Task goal.
Using the entries below, show all lines with the string "dimension".

◆ ◆ ◆ ◆ ◆

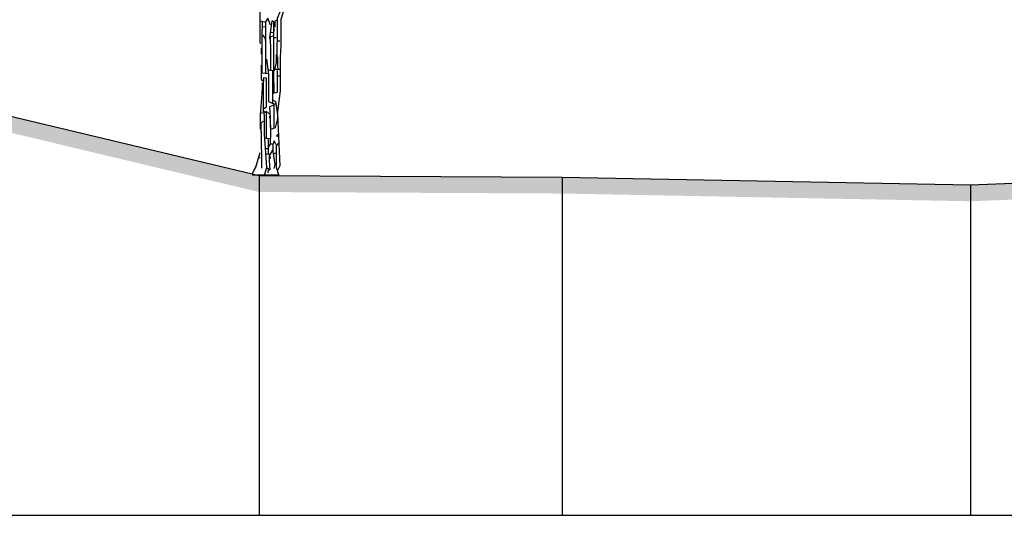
# Model space of a CAD drawing. Header units: metres. Extents: x 128583 to 136452, y 412329 to 415128.
# Tile 218 of 256: x 134964.19 to 134973.13, y 415045.33 to 415049.83. Entities that reach past the tile are written whole.
import ezdxf

# ---------------------------------------------------------------- set-up
doc = ezdxf.new("R2010")
doc.units = ezdxf.units.M
doc.header["$PDMODE"] = 35
doc.header["$PDSIZE"] = 0.075
for name, color, linetype, lineweight in [('B-ME-GR-BOOM-SD', 90, 'Continuous', 25), ('X-ME-AL-PROFIEL_HUIDIG MAAIVELD-GD', 8, 'Continuous', 0), ('X-XX-AL-DETAIL1-M', 7, 'Continuous', 18)]:
    doc.layers.add(name, color=color, linetype=linetype, lineweight=lineweight)
doc.layers.add('X-ME-AL-PROFIEL_MAAIVELD-GD', color=8, linetype='Continuous')
doc.layers.add('X-ME-AL-PROFIELRASTER-S', color=7, linetype='Continuous')
doc.styles.add('NLCS-ISO-ANNOTATIEF-T18', font='NLCS-ISO.ttf', dxfattribs={"height": 1.8})
doc.dimstyles.new('NLCS-ANNOTATIEF-T18-PIJL_L2_H0', dxfattribs={"dimtxt": 2.5, "dimasz": 1.8, "dimexe": 2, "dimexo": 2, "dimgap": 0.7, "dimtad": 1, "dimzin": 0, "dimdsep": 46, "dimtxsty": 'NLCS-ISO-ANNOTATIEF-T18', "dimcen": 0, "dimdle": 2, "dimclrd": 256, "dimclre": 256, "dimclrt": 10, "dimaunit": 2, "dimadec": 0, "dimazin": 0, "dimtfac": 1, "dimtdec": 3, "dimtofl": 0, "dimtmove": 0, "dimatfit": 3, "dimfxl": 2, "dimfxlon": 1, "dimtfillclr": 256, "dimtolj": 1, "dimtzin": 0, "dimlwd": -1, "dimlwe": -1, "dimarcsym": 0})

# ---------------------------------------------------------------- blocks, each defined once
blk = doc.blocks.new('SAL-PROFIELRASTER_BALK_EIND1-D')
at = {"color": 0, "linetype": 'ByBlock', "lineweight": -2, "flags": 128}
blk.add_lwpolyline([(0, 0), (1, 0)], dxfattribs=at)
blk = doc.blocks.new('SAL-PROFIELRASTER_AANHAAL-D')
at = {"color": 9, "linetype": 'ByBlock', "lineweight": -2, "flags": 128}
blk.add_lwpolyline([(0, 1), (0, 0)], dxfattribs=at)
blk = doc.blocks.new('*D91')
at = {"layer": 'Defpoints', "color": 0, "transparency": 16777216}
for p in [(134945.9315, 415055.8174), (134945.9315, 415050.1421), (134966.4315, 415048.4168)]:
    blk.add_point(p, dxfattribs=at)
at = {"layer": 'X-XX-AL-DETAIL1-M', "transparency": 16777216}
for p, q in [((134945.9315, 415055.3174), (134945.9315, 415056.3174)), ((134966.4315, 415055.3174), (134966.4315, 415056.3174)), ((134965.9815, 415055.8174), (134946.3815, 415055.8174))]:
    blk.add_line(p, q, dxfattribs=at)
for points in [[(134946.3815, 415055.8924), (134946.3815, 415055.7424), (134945.9315, 415055.8174)], [(134965.9815, 415055.8924), (134965.9815, 415055.7424), (134966.4315, 415055.8174)]]:
    blk.add_solid(points, dxfattribs=at)
at = {"layer": 'X-XX-AL-DETAIL1-M', "color": 10, "transparency": 16777216, "insert": (134956.1815, 415056.2174), "char_height": 0.45, "attachment_point": 5, "style": 'NLCS-ISO-ANNOTATIEF-T18'}
blk.add_mtext('\\A1;Gras ', dxfattribs=at)
blk = doc.blocks.new('*D124')
at = {"layer": 'Defpoints', "color": 0, "transparency": 16777216}
for p in [(134966.4315, 415055.8174), (134966.4315, 415048.4168), (135004.5587, 415048.3051)]:
    blk.add_point(p, dxfattribs=at)
at = {"layer": 'X-XX-AL-DETAIL1-M', "transparency": 16777216}
for p, q in [((134966.4315, 415055.3174), (134966.4315, 415056.3174)), ((135004.5587, 415055.3174), (135004.5587, 415056.3174)), ((135004.1087, 415055.8174), (134966.8815, 415055.8174))]:
    blk.add_line(p, q, dxfattribs=at)
for points in [[(134966.8815, 415055.8924), (134966.8815, 415055.7424), (134966.4315, 415055.8174)], [(135004.1087, 415055.8924), (135004.1087, 415055.7424), (135004.5587, 415055.8174)]]:
    blk.add_solid(points, dxfattribs=at)
at = {"layer": 'X-XX-AL-DETAIL1-M', "color": 10, "transparency": 16777216, "insert": (134985.4951, 415056.2174), "char_height": 0.45, "attachment_point": 5, "style": 'NLCS-ISO-ANNOTATIEF-T18'}
blk.add_mtext('\\A1;Bos', dxfattribs=at)
blk = doc.blocks.new('SGR-BOOM_S02_D_ZIJ-D')
at = {"flags": 128}
for points in [[(-0.164, 4.254), (-0.153, 3.876), (-0.153, 3.523), (-0.101, 3.447), (-0.088, 3.498), (-0.088, 3.615), (-0.13, 3.573), (-0.13, 3.22), (-0.084, 2.951), (-0.084, 2.396), (-0.067, 2.388)], [(0.656, 3.901), (0.664, 3.851), (0.504, 3.741), (0.462, 3.464), (0.462, 3.338), (0.294, 2.817), (0.294, 2.346), (0.282, 2.127), (0.282, 1.522), (0.227, 1.101)], [(0.277, 3.035), (0.286, 2.968), (0.227, 2.833), (0.227, 2.472), (0.223, 2.337), (0.223, 2.136), (0.21, 2.136)], [(-0.084, 2.791), (-0.05, 2.783), (0.008, 2.775)], [(-0.042, 2.775), (-0.05, 2.489), (-0.046, 2.186), (-0.046, 1.841), (0.008, 1.85)], [(0.017, 2.682), (-0.034, 2.674)], [(0.109, 2.716), (0.059, 2.842), (0.017, 2.775), (0.017, 2.396), (0.017, 1.925), (0.017, 1.833), (0.067, 1.841)], [(0.177, 1.48), (0.172, 1.867), (0.172, 2.766), (0.135, 2.791), (0.092, 2.48), (0.101, 2.455)], [(0.235, 2.808), (0.189, 2.783), (0.189, 2.674)], [(-0.034, 2.531), (0.008, 2.48), (0.017, 2.413)], [(0.16, 2.522), (0.105, 2.497), (0.107, 2.245), (0.107, 1.9), (0.067, 1.883)], [(0.168, 2.581), (0.109, 2.573)], [(0.177, 2.64), (0.168, 2.606)], [(0.177, 2.489), (0.21, 2.489)], [(0.235, 2.43), (0.277, 2.43)], [(-0.059, 2.295), (-0.059, 2.186)], [(0.214, 2.178), (0.214, 2.035), (0.177, 1.883), (0.118, 1.892), (0.109, 1.9)], [(-0.063, 1.984), (-0.061, 1.875), (-0.061, 1.732), (-0.034, 1.698)], [(0.034, 2.094), (0.071, 1.824), (0.071, 1.328), (0.168, 1.286), (0.168, 0.841)], [(0.235, 2.136), (0.235, 1.967), (0.244, 1.909)], [(0.147, 1.875), (0.145, 1.438), (0.145, 1.303)], [(0.227, 1.892), (0.227, 1.732), (0.227, 1.488), (0.151, 1.471)], [(0.277, 1.909), (0.193, 1.909)], [(0.277, 1.791), (0.244, 1.782)], [(-0.042, 1.665), (-0.042, 1.572), (-0.076, 1.059), (-0.076, 0.824)], [(-0.017, 1.194), (0.038, 1.228), (0.036, 1.37), (0.036, 1.749), (-0.021, 1.757), (-0.023, 1.614), (-0.023, 1.16), (-0.025, 1.127)], [(0.143, 1.513), (0.177, 1.513)], [(0.151, 1.253), (0.092, 1.228), (0.101, 1.026), (0.101, 0.858)], [(0.16, 1.354), (0.202, 1.328), (0.235, 1.093), (0.277, 0.16), (0.235, 0.076)], [(0.16, 1.286), (0.202, 1.286)], [(-0.034, 1.118), (-0.084, 1.11)], [(0.025, 1.127), (-0.021, 1.152), (-0.006, 1.068), (-0.006, 0.731), (0.034, 0.126), (0, 0)], [(0.084, 1.101), (0.029, 1.152), (0.032, 1.068), (0.032, 0.664), (0.017, 0.656)], [(-0.025, 0.967), (-0.067, 0.925), (-0.055, 0.294), (-0.055, 0.118)], [(0.109, 0.9), (0.109, 0.656), (0.05, 0.647), (0.034, 0.664)], [(0.092, 1.059), (0.092, 1.026)], [(0.244, 1.043), (0.193, 0.849), (0.135, 0.824), (0.118, 0.832)], [(-0.063, 0.782), (-0.063, 0.681), (-0.067, 0.673)], [(0.252, 0.74), (0.219, 0.706), (0.252, 0.689)], [(0.105, 0.647), (0.105, 0.555), (0.067, 0.496)], [(0.067, 0.639), (0.067, 0.378)], [(0.109, 0.563), (0.143, 0.555)], [(0.21, 0.538), (0.177, 0.614), (0.151, 0.547), (0.151, 0.42), (0.185, 0.185), (0.168, 0.109)], [(0.252, 0.572), (0.21, 0.521), (0.21, 0.135), (0.252, 0), (0.252, -0.008)], [(-0.084, 0.395), (-0.168, 0.109)], [(0.025, 0.471), (0.059, 0.471)], [(0.034, 0.126), (0.101, 0.084), (0.092, 0.252), (0.092, 0.362), (0.034, 0.37)], [(0.143, 0.446), (0.092, 0.353)], [(0.21, 0.395), (0.168, 0.378)], [(-0.109, 0.311), (-0.076, 0.311)], [(0.101, 0.328), (0.101, 0.294)], [(-0.143, 0.177), (-0.219, 0.025)], [(0.067, 0.084), (0.059, 0.034)]]:
    blk.add_lwpolyline(points, dxfattribs=at)
at = {"ltscale": 0.1, "flags": 128}
for points in [[(-0.219, 0.025), (-0.219, -0.008)], [(0.252, -0.008), (-0.219, -0.008)]]:
    blk.add_lwpolyline(points, dxfattribs=at)

msp = doc.modelspace()

# ---------------------------------------------------------------- hatches: boundary and pattern name
at = {"layer": 'X-ME-AL-PROFIEL_HUIDIG MAAIVELD-GD'}
h = msp.add_hatch(dxfattribs=at)
h.set_pattern_fill('AGR-MAAIVELD', color=256, scale=0.1, pattern_type=2)
h.set_pattern_definition([(45, (-0.9815, 44.95455), (-0.5000001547, 0.5000001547), []), (45, (-1.0529, 45.026), (0, 1.0000003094), [0.707107, -0.707107]), (45, (-1.12434, 45.0974), (0, 1.0000003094), [0.707107, -0.707107]), (45, (-1.1968, 45.16984), (0, 1.0000003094), [0.707107, -0.707107]), (45, (-1.2672, 45.24026), (0, 1.0000003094), [0.707107, -0.707107]), (45, (-1.3386, 45.3117), (0, 1.0000003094), [0.707107, -0.707107]), (45, (-1.41005, 45.3831), (0, 1.0000003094), [0.707107, -0.707107]), (315, (-0.9815, 44.95455), (0.5000001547, 0.5000001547), []), (315, (-0.91005, 45.026), (1.0000003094, -3e-16), [0.707107, -0.707107]), (315, (-0.8386, 45.0974), (1.0000003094, -3e-16), [0.707107, -0.707107]), (315, (-0.7662, 45.16984), (1.0000003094, -3e-16), [0.707107, -0.707107]), (315, (-0.6958, 45.24026), (1.0000003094, -3e-16), [0.707107, -0.707107]), (315, (-0.62434, 45.3117), (1.0000003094, -3e-16), [0.707107, -0.707107]), (315, (-0.5529, 45.3831), (1.0000003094, -3e-16), [0.707107, -0.707107])])
h.paths.add_polyline_path([(135209.3796, 415046.4811), (135209.3796, 415046.3311), (135208.4682, 415047.0311), (135207.5322, 415047.4961), (135206.5742, 415047.6121), (135205.7748, 415047.8211), (135205.509, 415047.9771), (135204.2935, 415048.5821), (135203.6535, 415048.7821), (135202.0076, 415048.8491), (135200.7479, 415049.3961), (135200.0578, 415049.4821), (135198.2047, 415049.5941), (135196.2515, 415049.7371), (135193.2606, 415049.8131), (135190.3832, 415049.6461), (135187.4987, 415049.5901), (135184.6133, 415049.5801), (135181.4785, 415049.5241), (135178.1889, 415049.6141), (135174.861, 415049.8151), (135172.2304, 415050.0691), (135170.1641, 415050.2811), (135166.9797, 415050.3281), (135164.023, 415050.2391), (135161.745, 415049.9981), (135159.5885, 415049.7451), (135156.8129, 415049.6001), (135153.9527, 415049.4711), (135151.184, 415049.4261), (135148.3285, 415049.3411), (135145.6001, 415049.2571), (135144.4612, 415048.6401), (135143.2687, 415047.4541), (135142.5793, 415047.3541), (135141.8577, 415047.5161), (135141.0497, 415048.4081), (135140.2442, 415048.9671), (135138.4591, 415049.0151), (135135.1942, 415049.0871), (135131.8863, 415049.0741), (135127.9848, 415049.0731), (135123.9165, 415048.9281), (135120.1231, 415048.8881), (135116.2954, 415048.9381), (135111.9857, 415048.7731), (135107.9949, 415048.7901), (135104.1946, 415048.8321), (135100.2474, 415048.7681), (135096.9102, 415048.7481), (135093.1545, 415048.6631), (135089.2366, 415048.5991), (135087.9554, 415048.5601), (135084.8979, 415048.6191), (135081.0745, 415048.4831), (135078.7505, 415048.1451), (135074.1021, 415048.0671), (135070.2642, 415048.1831), (135066.225, 415048.1801), (135064.1859, 415048.5991), (135058.6251, 415048.7561), (135054.4752, 415047.5241), (135050.4063, 415047.2611), (135045.845, 415047.3811), (135041.6475, 415047.3281), (135038.5729, 415047.3381), (135033.089, 415047.2761), (135025.8548, 415047.3101), (135020.5053, 415047.2961), (135017.8458, 415047.3381), (135011.5337, 415047.5861), (135004.5587, 415048.1551), (135000.216, 415048.0971), (134997.0236, 415048.0741), (134991.4591, 415048.1701), (134987.7454, 415048.2551), (134982.0385, 415048.2701), (134975.8191, 415048.2991), (134972.8227, 415048.1831), (134969.1163, 415048.2531), (134966.3649, 415048.2671), (134964.0207, 415048.8271), (134961.4681, 415049.0151), (134958.9273, 415049.2031), (134956.1572, 415049.3401), (134953.7691, 415049.5111), (134948.4736, 415049.8881), (134945.9315, 415050.0961), (134945.9315, 415050.2461), (134948.4736, 415050.0381), (134953.7691, 415049.6611), (134956.1572, 415049.4901), (134958.9273, 415049.3531), (134961.4681, 415049.1651), (134964.0207, 415048.9771), (134966.3649, 415048.4171), (134969.1163, 415048.4031), (134972.8227, 415048.3331), (134975.8191, 415048.4491), (134982.0385, 415048.4201), (134987.7454, 415048.4051), (134991.4591, 415048.3201), (134997.0236, 415048.2241), (135000.216, 415048.2471), (135004.5587, 415048.3051), (135011.5337, 415047.7361), (135017.8458, 415047.4881), (135020.5053, 415047.4461), (135025.8548, 415047.4601), (135033.089, 415047.4261), (135038.5729, 415047.4881), (135041.6475, 415047.4781), (135045.845, 415047.5311), (135050.4063, 415047.4111), (135054.4752, 415047.6741), (135058.6251, 415048.9061), (135064.1859, 415048.7491), (135066.225, 415048.3301), (135070.2642, 415048.3331), (135074.1021, 415048.2171), (135078.7505, 415048.2951), (135081.0745, 415048.6331), (135084.8979, 415048.7691), (135087.9554, 415048.7101), (135089.2366, 415048.7491), (135093.1545, 415048.8131), (135096.9102, 415048.8981), (135100.2474, 415048.9181), (135104.1946, 415048.9821), (135107.9949, 415048.9401), (135111.9857, 415048.9231), (135116.2954, 415049.0881), (135120.1231, 415049.0381), (135123.9165, 415049.0781), (135127.9848, 415049.2231), (135131.8863, 415049.2241), (135135.1942, 415049.2371), (135138.4591, 415049.1651), (135140.2442, 415049.1171), (135141.0497, 415048.5581), (135141.8577, 415047.6661), (135142.5793, 415047.5041), (135143.2687, 415047.6041), (135144.4612, 415048.7901), (135145.6001, 415049.4071), (135148.3285, 415049.4911), (135151.184, 415049.5761), (135153.9527, 415049.6211), (135156.8129, 415049.7501), (135159.5885, 415049.8951), (135161.745, 415050.1481), (135164.023, 415050.3891), (135166.9797, 415050.4781), (135170.1641, 415050.4311), (135172.2304, 415050.2191), (135174.861, 415049.9651), (135178.1889, 415049.7641), (135181.4785, 415049.6741), (135184.6133, 415049.7301), (135187.4987, 415049.7401), (135190.3832, 415049.7961), (135193.2606, 415049.9631), (135196.2515, 415049.8871), (135198.2047, 415049.7441), (135200.0578, 415049.6321), (135200.7479, 415049.5461), (135202.0076, 415048.9991), (135203.6535, 415048.9321), (135204.2935, 415048.7321), (135205.509, 415048.1271), (135205.7748, 415047.9711), (135206.5742, 415047.7621), (135207.5322, 415047.6461), (135208.4682, 415047.1811)])

# ---------------------------------------------------------------- linework, layer by layer
at = {"layer": 'X-ME-AL-PROFIEL_MAAIVELD-GD'}
msp.add_lwpolyline([(134945.9315, 415050.2461), (134948.4736, 415050.0381), (134953.7691, 415049.6611), (134956.1572, 415049.4901), (134958.9273, 415049.3531), (134961.4681, 415049.1651), (134964.0207, 415048.9771), (134966.3649, 415048.4171), (134969.1163, 415048.4031), (134972.8227, 415048.3331), (134975.8191, 415048.4491), (134982.0385, 415048.4201), (134987.7454, 415048.4051), (134991.4591, 415048.3201), (134997.0236, 415048.2241), (135000.216, 415048.2471), (135004.5587, 415048.3051)], dxfattribs=at)

# ---------------------------------------------------------------- block references
at = {"layer": 'B-ME-GR-BOOM-SD', "xscale": 0.5, "yscale": 0.5}
msp.add_blockref('SGR-BOOM_S02_D_ZIJ-D', (134966.4147, 415048.4252), dxfattribs=at)
at = {"layer": 'X-ME-AL-PROFIELRASTER-S'}
for p, yscale in [((134966.3649, 415045.3321), 3.085), ((134969.1163, 415045.3321), 3.071), ((134972.8227, 415045.3321), 3.001)]:
    msp.add_blockref('SAL-PROFIELRASTER_AANHAAL-D', p, dxfattribs=dict(at, yscale=yscale))
at = {"layer": 'X-ME-AL-PROFIELRASTER-S', "xscale": 264, "yscale": 0.25, "zscale": 258.346994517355}
msp.add_blockref('SAL-PROFIELRASTER_BALK_EIND1-D', (134945.9315, 415045.3321), dxfattribs=at)

# ---------------------------------------------------------------- dimensions: what is measured, and where the dimension line sits
at = {"layer": 'X-XX-AL-DETAIL1-M'}
for base, p1, p2, text, picture, middle in [((134945.9315, 415055.8174), (134966.4315, 415048.4168), (134945.9315, 415050.1421), 'Gras ', '*D91', (134956.1815, 415055.8174)), ((134966.4315, 415055.8174), (135004.5587, 415048.3051), (134966.4315, 415048.4168), 'Bos', '*D124', (134985.4951, 415055.8174))]:
    dim = msp.add_linear_dim(base=base, p1=p1, p2=p2, text=text, dimstyle='NLCS-ANNOTATIEF-T18-PIJL_L2_H0', dxfattribs=at)
    dim.commit()
    dim.dimension.update_dxf_attribs({"geometry": picture, "text_midpoint": middle, "dimtype": 160})

doc.saveas('drawing.dxf')

◆ ◆ ◆ ◆ ◆

Output of the task.
# ---------------------------------------------------------------- dimensions: what is measured, and where the dimension line sits
    dim.dimension.update_dxf_attribs({"geometry": picture, "text_midpoint": middle, "dimtype": 160})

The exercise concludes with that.